I don’t think I agree with any of that any more. It’s true that those things are annoying. It’s particularly upsetting to hear sarcasm directed at you, highlighting a feature of your personality that you would dearly love to change.

But ‘don’t say’ statements make a big assumption. They say: you are normal and I’m not. And they say: you can have a normal conversation with me, leaving out these things that annoy me.

Well, I don’t know about you, but if I have a list of things I mustn’t say, my tendency is not to say anything at all, because I’m too afraid of forgetting or getting confused and saying the forbidden words.

So I’m beginning to think that we who banish words are defeating our purpose. We’re repelling the very people we want to come close.

Pulling and Repelling

Instead of telling people what not to say, we should accept that these things will occasionally be said, and work out how to respond to them. Even if it’s only to say, “I can’t answer that.” Or to make a joke out of it. Or to explain why the statements are annoying. It all depends on the context and the way we’re feeling. But responses can be worked out in advance, relieving the pressure to react on the spot.

Maybe my next post should list possible responses to the statements above. If you have any ideas about how to espond, I’d love to read them in the comments section.

By Miriam Drori

Author, editor, attempter of this thing called life. Social anxiety warrior. Cultivating a Fuji, edition 3, a poignant, humorous and uplifting tale, published with Ocelot Press, January 2023.

6 replies on “Please talk to me, but don’t say….”

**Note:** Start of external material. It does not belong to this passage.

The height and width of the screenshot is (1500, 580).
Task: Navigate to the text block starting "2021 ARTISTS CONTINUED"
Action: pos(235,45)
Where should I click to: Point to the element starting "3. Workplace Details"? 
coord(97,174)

I’ve had just about everything on your list said to me at some time, as I expect all social anxiety sufferers have, and I do find them annoying and upsetting. Recently I was in a group where we did a supposedly self-awareness exercise. Ironically, the exercise was supposed to help us feel positive about ourselves. We had to each write anonymously on slips of paper a few words or sentences about how we saw each individual in the group. The instructions were for positive comments only.

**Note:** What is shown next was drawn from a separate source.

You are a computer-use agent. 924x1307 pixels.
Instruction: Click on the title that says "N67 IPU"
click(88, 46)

Somewhat hesitantly, I opened my pile of slips from the others in the group. How can summing me up in one single word, such as ‘Quiet’ or ‘Shy’ be helpful? Worse still, as one person wrote: ‘Quiet, reserved, only talks to individuals when spoken to.’ Can anyone really think this is a positive comment? I’m still hurting from this.

Your post has given me food for thought. Perhaps instead of asking people to please not say things like this, I’d be better accepting that these things will occasionally be said and deciding on how best to respond to them. I’m a bit short on ideas of how to respond at the moment. I’ll give it more thought. Thanks for an interesting post.

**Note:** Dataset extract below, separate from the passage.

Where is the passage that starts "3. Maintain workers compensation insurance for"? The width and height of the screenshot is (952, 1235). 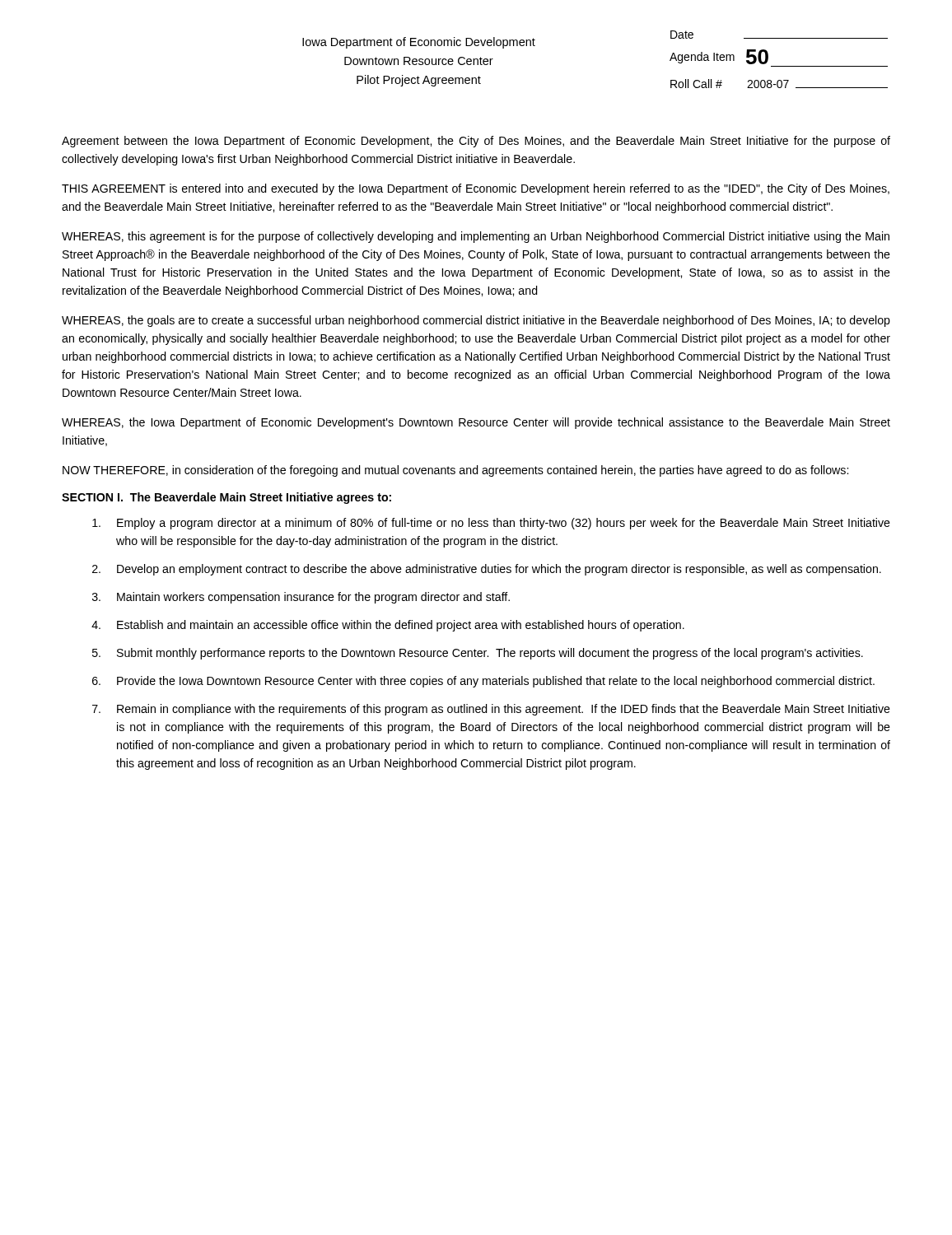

Thanks for that, Jean. I would also feel hurt to receive such comments, especially when they’re supposed to be positive. But I’ve come to realise that most people think that I’m quiet because I want to be quiet. If that’s what the people who commented thought, then maybe they saw being quiet as a positive trait – or something you would regard as positive.

Or maybe I’m too tired to talk any sense this evening!

“Your as red as a beetroot.” I hate this one more than anything! After researching bluhsing, I found that taking deep breaths helps to push the redness away. So now we have to devise a way to look cool as a cucumber, have a clever response at the ready and breathe deeply too? Simple? No! How about, “You can pretty much read everything on my face. Can you tell what I’m thinking now?” Ha!
Great post, thank you.

Hi Miriam,
Some of those comments are really quite mean ‘’re ruining the scenery..?’ I have thought of some responses, but they’re all a bit sarcastic and I don’t want to be mean too! How would you feel about saying something like ‘You’re quiet.’ ‘Yes, I am. I’m listening to you. You were saying..?’ …? If I think of something better I’ll come back!